# Learning python - Basic Concepts and Syntax

## Outline:

- How to use python
- Change from R to python
- Variables
- Data types
- Basic operations

## A cheat sheet

https://www.codecademy.com/learn/learn-python-3/modules/learn-python3-hello-world/cheatsheet

## How do we run python code?

Three main ways to run python code:

- In a python interpreter by typing commands directly after starting python with the `python` command on the command line
- In a python script by typing commands into a text file and then running the script with the `python` command on the command line
- In a Jupyter notebook by typing commands into a cell and then running the cell

#### Python interpreter

Type `python` into the terminal and hit enter. You should see something like this:

`>>> `

This interface lets you run python code directly. Try typing `print("Hello world!")` and hitting enter. You should see the text `Hello world!` printed to the screen.

This is usually used to try out python code interactively.

Type quit() and hit enter to exit the python interpreter.

#### Python script

Now lets try running a python script. At the top of VSCode, double click in the open space next to the welcome tab.

Check out `demo_script.py`.

You can run this with `python demo_script.py`.

It will execute any code inside your script.

#### Jupyter notebook

In the top left of VSCode, click `File` -> `New File`. Then pick Jupyter Notebook to make a new notebook.

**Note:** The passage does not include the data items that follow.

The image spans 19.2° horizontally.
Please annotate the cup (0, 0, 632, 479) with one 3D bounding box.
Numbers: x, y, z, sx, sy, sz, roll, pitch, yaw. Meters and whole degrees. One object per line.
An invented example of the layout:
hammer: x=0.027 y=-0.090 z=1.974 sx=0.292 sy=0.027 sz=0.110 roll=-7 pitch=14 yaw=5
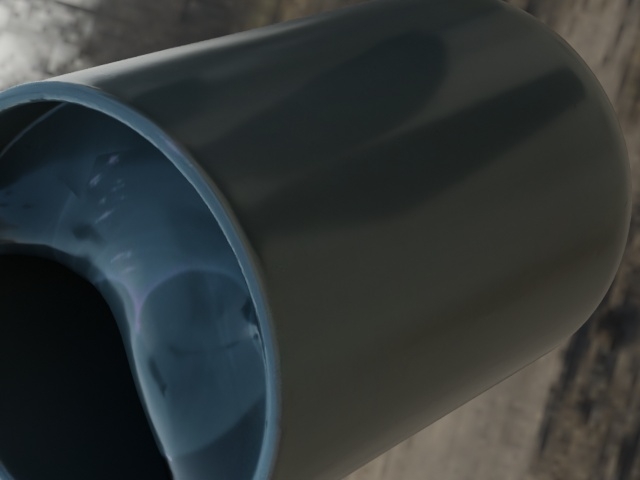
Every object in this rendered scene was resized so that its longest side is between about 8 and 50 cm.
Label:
cup: x=0.000 y=0.000 z=0.866 sx=0.312 sy=0.205 sz=0.205 roll=-22 pitch=-40 yaw=-47
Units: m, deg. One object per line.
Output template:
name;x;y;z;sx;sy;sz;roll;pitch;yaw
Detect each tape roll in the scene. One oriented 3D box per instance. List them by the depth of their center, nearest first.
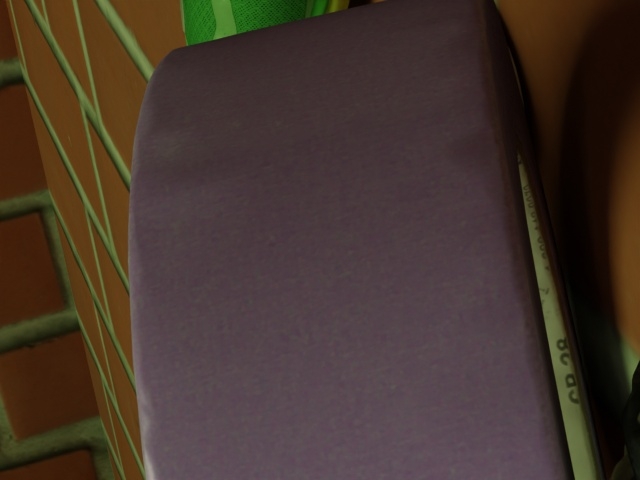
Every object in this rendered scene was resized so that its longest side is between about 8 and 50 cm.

You'll likely see a prompt asking for a "python kernal". Pick the python environment John helped set up last time. This is the version of python we're using.

# Comparing R to Python

## No braces! Only tabs!

Python uses indentation (tabs or spaces) to define blocks of code instead of braces `{}` like in R. This means that the structure of your code is determined by how you indent it.

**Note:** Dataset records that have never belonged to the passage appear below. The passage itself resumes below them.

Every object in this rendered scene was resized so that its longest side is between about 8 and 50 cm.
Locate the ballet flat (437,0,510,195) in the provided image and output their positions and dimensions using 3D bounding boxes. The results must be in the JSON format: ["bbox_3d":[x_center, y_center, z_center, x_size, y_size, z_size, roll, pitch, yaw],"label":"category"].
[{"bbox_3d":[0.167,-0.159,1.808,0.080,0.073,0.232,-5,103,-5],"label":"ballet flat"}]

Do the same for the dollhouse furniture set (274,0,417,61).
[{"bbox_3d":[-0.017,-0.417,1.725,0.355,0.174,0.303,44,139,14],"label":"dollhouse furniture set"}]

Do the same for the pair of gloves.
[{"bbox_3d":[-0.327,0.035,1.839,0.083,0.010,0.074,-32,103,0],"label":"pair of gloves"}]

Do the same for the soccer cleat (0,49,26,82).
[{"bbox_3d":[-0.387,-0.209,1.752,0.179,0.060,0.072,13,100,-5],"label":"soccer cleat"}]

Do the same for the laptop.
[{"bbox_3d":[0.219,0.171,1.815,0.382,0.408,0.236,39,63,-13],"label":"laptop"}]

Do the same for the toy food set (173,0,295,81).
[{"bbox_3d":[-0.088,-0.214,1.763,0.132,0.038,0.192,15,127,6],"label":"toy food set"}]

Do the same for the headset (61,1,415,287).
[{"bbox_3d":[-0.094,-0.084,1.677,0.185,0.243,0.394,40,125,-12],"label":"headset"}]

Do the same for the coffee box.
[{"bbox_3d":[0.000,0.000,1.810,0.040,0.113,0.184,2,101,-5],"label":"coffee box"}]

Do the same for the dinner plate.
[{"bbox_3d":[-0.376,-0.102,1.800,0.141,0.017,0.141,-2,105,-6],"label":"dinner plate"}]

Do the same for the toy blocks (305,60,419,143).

## Functional vs Object-Oriented Programming

- **R**: R is primarily a functional programming language. This means that functions are the primary way to manipulate data and perform operations. In R, you often pass data to functions, which return new data as output.
  - Example: `mean(c(1, 2, 3))` calculates the mean of a vector.

- **Python**: Python is an object-oriented programming language. While it supports functional programming, Python emphasizes the use of objects and methods. Objects are instances of classes, and methods are functions that belong to these objects.
  - Example: In Python, you might use a method like `my_list.append(4)` to modify a list.

## What is object oriented programming?

Object-oriented programming (OOP) is a programming paradigm that uses "objects" to represent data and methods to manipulate that data. In OOP, you define classes, which are blueprints for creating objects. Each object can have its own attributes (data) and methods (functions) that operate on that data. You (mostly) won't have general functions that operate on lots of different data types; instead, each data type (class) will have its own methods. One tricky bit about learning to work with OOP is learning the methods associated with the classes you want to use.

Methods are part of the "interface" of the object. They are functions that directly use, affect, and make use of the information in an object but are defined by the class.

If `Pet` objects defines a `speak()` method `dog.speak() == "woof"` while `cat.speak() == "meow"`.

`dir({object})` will return all of the fields and methods of an object. Fields and methods with `__{name}__` are "private" and are generally not intended to be part of the interface.

### - Key point -

If you come from an R background, this will require a major change in thinking about how to code!

In R, we do sum(x, y) to add x and y. In Python, we do x.sum(y) to add x and y. The operations you're going to want to use are often attached to objects!

Most of the time, when doing things in python, you're going to be making objects and then using `object.do_the_thing()` to perform your analyses. You're going to use functions to do things much less often. If you want to see what methods an object has available, you can use `dir(object)` to see them all or type the name of the object, then a period and hit tab a few times to see what methods are available in your IDE.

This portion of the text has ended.